** EXERCISE DATA **
--- START ---

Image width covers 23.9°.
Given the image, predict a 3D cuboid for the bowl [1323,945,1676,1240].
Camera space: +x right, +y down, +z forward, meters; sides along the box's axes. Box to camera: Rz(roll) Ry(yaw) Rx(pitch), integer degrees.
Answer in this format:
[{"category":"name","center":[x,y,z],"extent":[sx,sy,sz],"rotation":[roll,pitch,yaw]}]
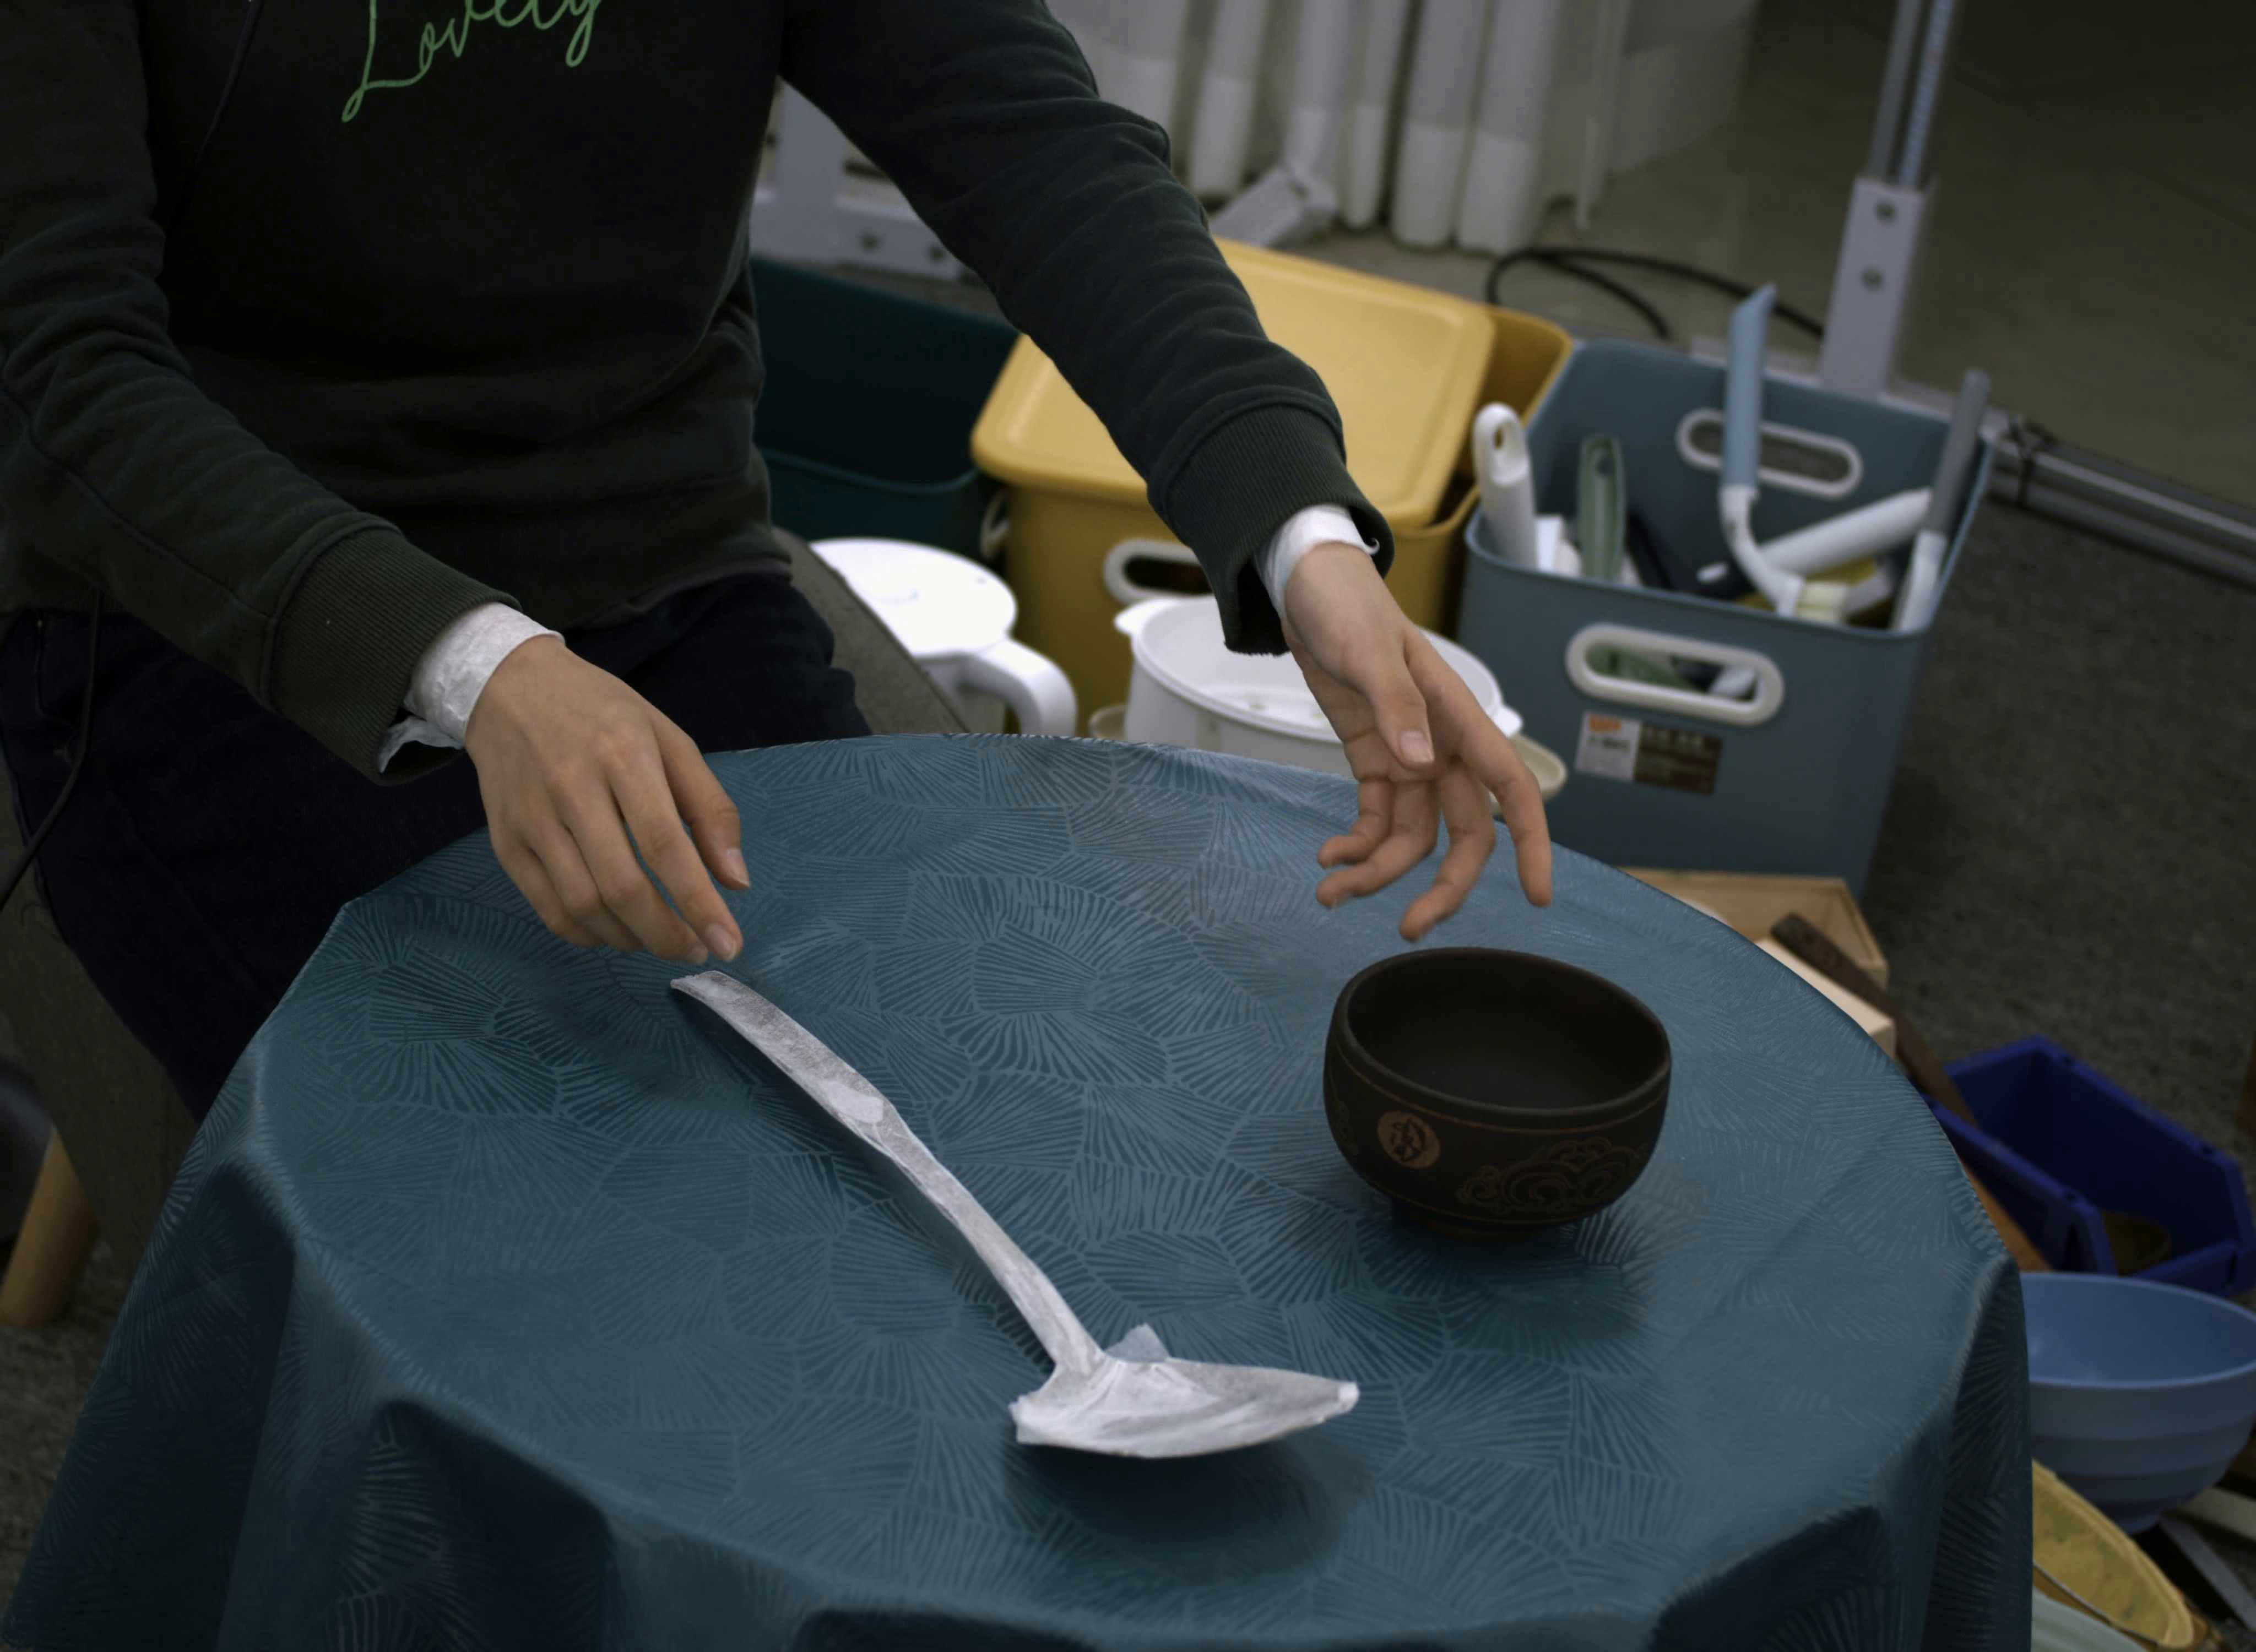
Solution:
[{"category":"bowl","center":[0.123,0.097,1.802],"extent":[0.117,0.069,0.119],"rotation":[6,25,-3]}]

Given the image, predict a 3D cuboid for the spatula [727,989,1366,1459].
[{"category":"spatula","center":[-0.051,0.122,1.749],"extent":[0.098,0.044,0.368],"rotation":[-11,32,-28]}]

--- END ---

In the copy, include no pictures, but repeat the listing exactly.

** ANSWER FOR THIS EXERCISE **
Image width covers 23.9°.
Given the image, predict a 3D cuboid for the bowl [1323,945,1676,1240].
Camera space: +x right, +y down, +z forward, meters; sides along the box's axes. Box to camera: Rz(roll) Ry(yaw) Rx(pitch), integer degrees.
Answer in this format:
[{"category":"name","center":[x,y,z],"extent":[sx,sy,sz],"rotation":[roll,pitch,yaw]}]
Solution:
[{"category":"bowl","center":[0.123,0.097,1.802],"extent":[0.117,0.069,0.119],"rotation":[6,25,-3]}]

Given the image, predict a 3D cuboid for the spatula [727,989,1366,1459].
[{"category":"spatula","center":[-0.051,0.122,1.749],"extent":[0.098,0.044,0.368],"rotation":[-11,32,-28]}]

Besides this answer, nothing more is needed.